_WHAT TO WORK ON_
Which lines come from the start of the records through the line that holds "line L0 (0, 0) -> (0, -60.325) construction"? Write them out word for word.

_STUDY MATERIAL_
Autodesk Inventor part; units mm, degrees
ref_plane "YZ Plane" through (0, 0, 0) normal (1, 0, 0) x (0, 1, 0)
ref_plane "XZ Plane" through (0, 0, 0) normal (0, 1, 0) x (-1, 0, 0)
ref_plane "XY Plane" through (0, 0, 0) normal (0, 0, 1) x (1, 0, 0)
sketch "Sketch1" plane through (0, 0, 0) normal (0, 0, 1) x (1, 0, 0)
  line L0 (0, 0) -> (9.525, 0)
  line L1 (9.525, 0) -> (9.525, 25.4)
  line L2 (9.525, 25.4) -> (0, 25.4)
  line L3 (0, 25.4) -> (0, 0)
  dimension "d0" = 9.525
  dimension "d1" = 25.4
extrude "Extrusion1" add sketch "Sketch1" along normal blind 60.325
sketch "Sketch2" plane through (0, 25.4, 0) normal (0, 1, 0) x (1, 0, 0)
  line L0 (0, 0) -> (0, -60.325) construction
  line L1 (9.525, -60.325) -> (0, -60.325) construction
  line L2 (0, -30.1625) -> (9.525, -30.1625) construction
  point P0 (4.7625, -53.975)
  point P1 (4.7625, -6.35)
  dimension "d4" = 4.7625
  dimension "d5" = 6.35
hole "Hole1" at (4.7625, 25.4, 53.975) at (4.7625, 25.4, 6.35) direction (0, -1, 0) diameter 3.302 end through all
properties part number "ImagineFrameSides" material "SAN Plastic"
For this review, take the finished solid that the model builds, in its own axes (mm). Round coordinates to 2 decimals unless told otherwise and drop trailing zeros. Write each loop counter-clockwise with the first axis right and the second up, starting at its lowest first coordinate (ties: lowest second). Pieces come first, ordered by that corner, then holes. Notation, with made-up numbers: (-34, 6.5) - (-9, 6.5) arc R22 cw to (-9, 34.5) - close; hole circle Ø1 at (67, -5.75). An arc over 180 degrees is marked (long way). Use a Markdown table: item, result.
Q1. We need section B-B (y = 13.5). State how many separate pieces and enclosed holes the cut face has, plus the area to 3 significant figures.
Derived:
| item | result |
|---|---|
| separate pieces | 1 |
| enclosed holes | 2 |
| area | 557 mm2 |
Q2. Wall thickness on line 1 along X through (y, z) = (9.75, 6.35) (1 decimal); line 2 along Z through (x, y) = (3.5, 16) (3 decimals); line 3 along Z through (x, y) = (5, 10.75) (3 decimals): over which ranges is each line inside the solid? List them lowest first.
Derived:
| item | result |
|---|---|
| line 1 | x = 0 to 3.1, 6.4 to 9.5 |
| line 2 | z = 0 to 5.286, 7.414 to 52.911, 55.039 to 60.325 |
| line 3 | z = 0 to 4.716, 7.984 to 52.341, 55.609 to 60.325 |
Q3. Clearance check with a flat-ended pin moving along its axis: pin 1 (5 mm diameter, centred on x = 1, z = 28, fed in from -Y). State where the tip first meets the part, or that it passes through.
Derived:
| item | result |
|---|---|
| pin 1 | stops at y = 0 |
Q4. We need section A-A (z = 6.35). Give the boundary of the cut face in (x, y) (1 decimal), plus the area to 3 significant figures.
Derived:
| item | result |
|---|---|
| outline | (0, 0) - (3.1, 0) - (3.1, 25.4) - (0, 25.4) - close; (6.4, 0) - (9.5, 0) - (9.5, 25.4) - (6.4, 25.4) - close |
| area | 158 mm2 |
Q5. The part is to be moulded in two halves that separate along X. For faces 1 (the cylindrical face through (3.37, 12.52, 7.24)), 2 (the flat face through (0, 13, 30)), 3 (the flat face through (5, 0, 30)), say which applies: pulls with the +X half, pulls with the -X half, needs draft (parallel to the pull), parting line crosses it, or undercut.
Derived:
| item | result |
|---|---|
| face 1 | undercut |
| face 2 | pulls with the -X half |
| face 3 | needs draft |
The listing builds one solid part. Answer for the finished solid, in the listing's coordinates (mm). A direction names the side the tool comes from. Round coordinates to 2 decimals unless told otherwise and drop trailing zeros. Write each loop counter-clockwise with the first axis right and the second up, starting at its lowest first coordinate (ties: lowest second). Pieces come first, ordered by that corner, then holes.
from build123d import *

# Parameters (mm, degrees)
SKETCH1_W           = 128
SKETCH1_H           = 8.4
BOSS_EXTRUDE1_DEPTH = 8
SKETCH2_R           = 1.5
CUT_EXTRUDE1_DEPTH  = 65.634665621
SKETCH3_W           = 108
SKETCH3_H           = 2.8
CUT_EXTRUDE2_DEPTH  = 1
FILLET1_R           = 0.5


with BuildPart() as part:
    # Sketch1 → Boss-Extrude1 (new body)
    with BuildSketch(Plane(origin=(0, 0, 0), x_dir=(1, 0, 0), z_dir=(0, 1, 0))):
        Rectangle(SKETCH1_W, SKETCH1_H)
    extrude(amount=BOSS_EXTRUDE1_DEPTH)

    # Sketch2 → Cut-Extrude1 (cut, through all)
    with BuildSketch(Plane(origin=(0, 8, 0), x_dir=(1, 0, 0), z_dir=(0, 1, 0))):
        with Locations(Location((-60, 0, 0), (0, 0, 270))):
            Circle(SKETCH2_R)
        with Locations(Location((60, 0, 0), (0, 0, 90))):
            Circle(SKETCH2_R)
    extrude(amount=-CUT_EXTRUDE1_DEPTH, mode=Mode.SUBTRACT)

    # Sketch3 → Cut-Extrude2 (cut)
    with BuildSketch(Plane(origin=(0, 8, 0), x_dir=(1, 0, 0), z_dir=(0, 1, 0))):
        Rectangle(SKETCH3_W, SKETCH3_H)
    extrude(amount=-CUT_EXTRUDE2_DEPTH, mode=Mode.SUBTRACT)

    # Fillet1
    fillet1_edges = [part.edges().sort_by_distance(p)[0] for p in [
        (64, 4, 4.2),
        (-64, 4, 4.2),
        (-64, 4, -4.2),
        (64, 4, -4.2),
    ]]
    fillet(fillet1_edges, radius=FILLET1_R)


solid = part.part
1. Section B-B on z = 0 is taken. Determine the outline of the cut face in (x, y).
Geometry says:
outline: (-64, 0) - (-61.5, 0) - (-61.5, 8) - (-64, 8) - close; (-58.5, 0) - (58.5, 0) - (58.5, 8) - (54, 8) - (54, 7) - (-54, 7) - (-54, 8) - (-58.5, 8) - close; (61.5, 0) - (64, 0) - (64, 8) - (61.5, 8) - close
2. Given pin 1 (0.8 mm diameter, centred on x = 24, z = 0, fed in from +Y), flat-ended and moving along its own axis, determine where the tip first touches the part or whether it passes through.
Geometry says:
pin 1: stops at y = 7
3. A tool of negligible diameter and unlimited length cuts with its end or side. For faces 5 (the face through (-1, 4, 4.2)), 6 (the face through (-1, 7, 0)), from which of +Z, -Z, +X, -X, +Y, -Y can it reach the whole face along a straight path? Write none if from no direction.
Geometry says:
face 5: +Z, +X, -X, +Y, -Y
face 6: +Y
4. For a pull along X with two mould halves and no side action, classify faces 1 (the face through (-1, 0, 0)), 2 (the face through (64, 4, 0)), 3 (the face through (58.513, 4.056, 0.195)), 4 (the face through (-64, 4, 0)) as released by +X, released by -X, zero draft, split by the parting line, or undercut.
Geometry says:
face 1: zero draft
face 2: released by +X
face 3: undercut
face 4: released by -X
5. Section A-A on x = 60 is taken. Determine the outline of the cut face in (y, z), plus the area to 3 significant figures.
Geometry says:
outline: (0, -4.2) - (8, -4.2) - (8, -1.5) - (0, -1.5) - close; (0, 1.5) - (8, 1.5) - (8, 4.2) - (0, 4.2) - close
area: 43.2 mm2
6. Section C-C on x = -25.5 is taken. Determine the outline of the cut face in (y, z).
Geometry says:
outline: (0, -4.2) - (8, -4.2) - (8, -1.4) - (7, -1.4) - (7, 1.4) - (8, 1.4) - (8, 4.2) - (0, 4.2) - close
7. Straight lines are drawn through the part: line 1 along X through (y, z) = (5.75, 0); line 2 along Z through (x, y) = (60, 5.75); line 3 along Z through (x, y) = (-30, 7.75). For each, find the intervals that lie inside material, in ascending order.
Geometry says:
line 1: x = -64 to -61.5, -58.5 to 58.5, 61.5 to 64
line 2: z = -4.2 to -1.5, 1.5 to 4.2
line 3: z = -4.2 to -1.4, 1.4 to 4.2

_SOLVED EXERCISE_
Autodesk Inventor part; units mm, degrees
ref_plane "YZ Plane" through (0, 0, 0) normal (1, 0, 0) x (0, 1, 0)
ref_plane "XZ Plane" through (0, 0, 0) normal (0, 1, 0) x (-1, 0, 0)
ref_plane "XY Plane" through (0, 0, 0) normal (0, 0, 1) x (1, 0, 0)
sketch "Sketch1" plane through (0, 0, 0) normal (0, 0, 1) x (1, 0, 0)
  line L0 (0, 0) -> (9.525, 0)
  line L1 (9.525, 0) -> (9.525, 25.4)
  line L2 (9.525, 25.4) -> (0, 25.4)
  line L3 (0, 25.4) -> (0, 0)
  dimension "d0" = 9.525
  dimension "d1" = 25.4
extrude "Extrusion1" add sketch "Sketch1" along normal blind 60.325
sketch "Sketch2" plane through (0, 25.4, 0) normal (0, 1, 0) x (1, 0, 0)
  line L0 (0, 0) -> (0, -60.325) construction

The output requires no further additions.